Crawl and Scrape Websites

Power-Chat draws on knowledge stored in wiki articles. When that knowledge already exists on external websites, you can bring it into Unusual Suite by scraping individual pages or crawling an entire site.

Scrape a single webpage

Scraping imports the content of one external page into a wiki article. To scrape a page:

  1. Create a new wiki article.
  2. Fill in the External link field with the URL of the webpage.
  3. Click the 'Robot' icon to the right of the External link field.

Unusual Suite then scrapes the page content, removes any header, footer, menu, or navigational elements, and compiles a summary that appears when the article is found in wiki search results.
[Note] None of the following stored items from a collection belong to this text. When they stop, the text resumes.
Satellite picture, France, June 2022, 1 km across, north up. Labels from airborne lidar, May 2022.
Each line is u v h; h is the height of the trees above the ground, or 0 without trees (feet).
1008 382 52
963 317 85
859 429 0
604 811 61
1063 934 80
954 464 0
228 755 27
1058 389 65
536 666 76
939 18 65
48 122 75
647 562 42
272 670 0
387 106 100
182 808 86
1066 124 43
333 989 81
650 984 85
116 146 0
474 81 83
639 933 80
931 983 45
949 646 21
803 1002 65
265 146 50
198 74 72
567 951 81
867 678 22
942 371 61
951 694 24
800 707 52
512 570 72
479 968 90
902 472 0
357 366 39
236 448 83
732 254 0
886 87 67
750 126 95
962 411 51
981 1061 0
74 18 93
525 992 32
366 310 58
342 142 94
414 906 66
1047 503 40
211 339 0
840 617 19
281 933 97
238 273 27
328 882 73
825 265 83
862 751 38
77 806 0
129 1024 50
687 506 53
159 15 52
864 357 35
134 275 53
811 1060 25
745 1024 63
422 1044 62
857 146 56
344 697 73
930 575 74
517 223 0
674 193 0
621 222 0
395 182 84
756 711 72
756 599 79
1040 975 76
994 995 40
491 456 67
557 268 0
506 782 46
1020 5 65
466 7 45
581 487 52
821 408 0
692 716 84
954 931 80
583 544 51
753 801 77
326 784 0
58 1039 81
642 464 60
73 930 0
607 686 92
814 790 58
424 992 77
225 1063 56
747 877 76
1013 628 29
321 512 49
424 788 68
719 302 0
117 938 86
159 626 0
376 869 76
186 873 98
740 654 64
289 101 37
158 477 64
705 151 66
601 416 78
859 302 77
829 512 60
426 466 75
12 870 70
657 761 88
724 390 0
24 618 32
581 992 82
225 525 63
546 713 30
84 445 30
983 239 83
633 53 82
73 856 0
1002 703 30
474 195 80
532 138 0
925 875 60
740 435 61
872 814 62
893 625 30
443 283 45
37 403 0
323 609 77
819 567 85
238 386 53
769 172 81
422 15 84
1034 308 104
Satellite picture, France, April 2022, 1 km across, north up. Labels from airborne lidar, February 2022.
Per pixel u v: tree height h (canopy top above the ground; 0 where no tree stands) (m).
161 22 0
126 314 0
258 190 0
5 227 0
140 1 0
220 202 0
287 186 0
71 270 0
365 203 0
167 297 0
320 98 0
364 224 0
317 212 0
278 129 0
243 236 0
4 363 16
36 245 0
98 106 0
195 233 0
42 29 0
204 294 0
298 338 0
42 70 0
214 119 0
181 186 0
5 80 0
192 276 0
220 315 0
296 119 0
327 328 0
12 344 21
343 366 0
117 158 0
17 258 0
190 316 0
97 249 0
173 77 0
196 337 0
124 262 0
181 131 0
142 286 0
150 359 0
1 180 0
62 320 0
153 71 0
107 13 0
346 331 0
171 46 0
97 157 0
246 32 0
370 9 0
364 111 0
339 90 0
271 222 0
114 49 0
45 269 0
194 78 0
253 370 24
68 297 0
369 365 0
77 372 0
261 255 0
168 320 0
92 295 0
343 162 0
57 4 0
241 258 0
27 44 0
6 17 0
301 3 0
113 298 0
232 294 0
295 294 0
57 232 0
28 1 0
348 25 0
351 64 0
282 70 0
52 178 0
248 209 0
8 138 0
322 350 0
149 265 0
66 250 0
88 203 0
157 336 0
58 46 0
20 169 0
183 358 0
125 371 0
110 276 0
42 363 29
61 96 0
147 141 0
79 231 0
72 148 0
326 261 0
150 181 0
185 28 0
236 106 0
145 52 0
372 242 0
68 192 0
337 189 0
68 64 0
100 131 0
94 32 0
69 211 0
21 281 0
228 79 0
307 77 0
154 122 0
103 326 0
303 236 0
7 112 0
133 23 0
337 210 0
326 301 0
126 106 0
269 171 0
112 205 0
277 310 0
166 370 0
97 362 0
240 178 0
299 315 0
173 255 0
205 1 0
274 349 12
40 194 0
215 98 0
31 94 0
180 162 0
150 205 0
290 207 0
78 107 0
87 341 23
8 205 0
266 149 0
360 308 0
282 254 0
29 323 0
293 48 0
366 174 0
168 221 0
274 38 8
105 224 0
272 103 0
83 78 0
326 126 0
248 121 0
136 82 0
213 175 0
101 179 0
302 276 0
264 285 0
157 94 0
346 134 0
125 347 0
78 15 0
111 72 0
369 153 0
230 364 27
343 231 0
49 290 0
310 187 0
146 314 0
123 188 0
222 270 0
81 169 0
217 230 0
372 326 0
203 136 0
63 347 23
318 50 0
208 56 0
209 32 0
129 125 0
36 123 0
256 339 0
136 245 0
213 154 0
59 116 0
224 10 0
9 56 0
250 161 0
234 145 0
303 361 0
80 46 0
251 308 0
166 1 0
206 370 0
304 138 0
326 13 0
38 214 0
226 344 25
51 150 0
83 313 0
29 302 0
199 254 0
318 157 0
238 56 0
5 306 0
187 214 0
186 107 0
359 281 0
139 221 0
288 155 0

You can scrape a page again at any time to import an updated version of the content. Scraping can be applied to any node in the wiki tree. There is also an option to scrape all sub-nodes of the currently selected tree node at the same time.

Warning: review the scraped content after importing. In rare cases the scraped content may not match the source webpage exactly.

Crawl a complete website

The 'Robot' icon in the wiki interface also lets you crawl an entire website. When you start a crawl:

  • All pages linked from the start URL that belong to the same domain are crawled and scraped.
  • A separate wiki article is created for each page found, placed under the currently selected node in the wiki navigation tree.
  • You can configure the wiki article type assigned to newly created articles, and whether those articles should be published immediately after creation.
  • Unusual Suite attempts to extract the correct subject for each new wiki article from the page content.
  • When a large number of articles is created, Unusual Suite groups them into sub-nodes by the first letter of the subject.

Warning: monitor the crawling process as it runs. Crawling results are not always deterministic. Reviewing the structure and content of the resulting sub-tree is mandatory.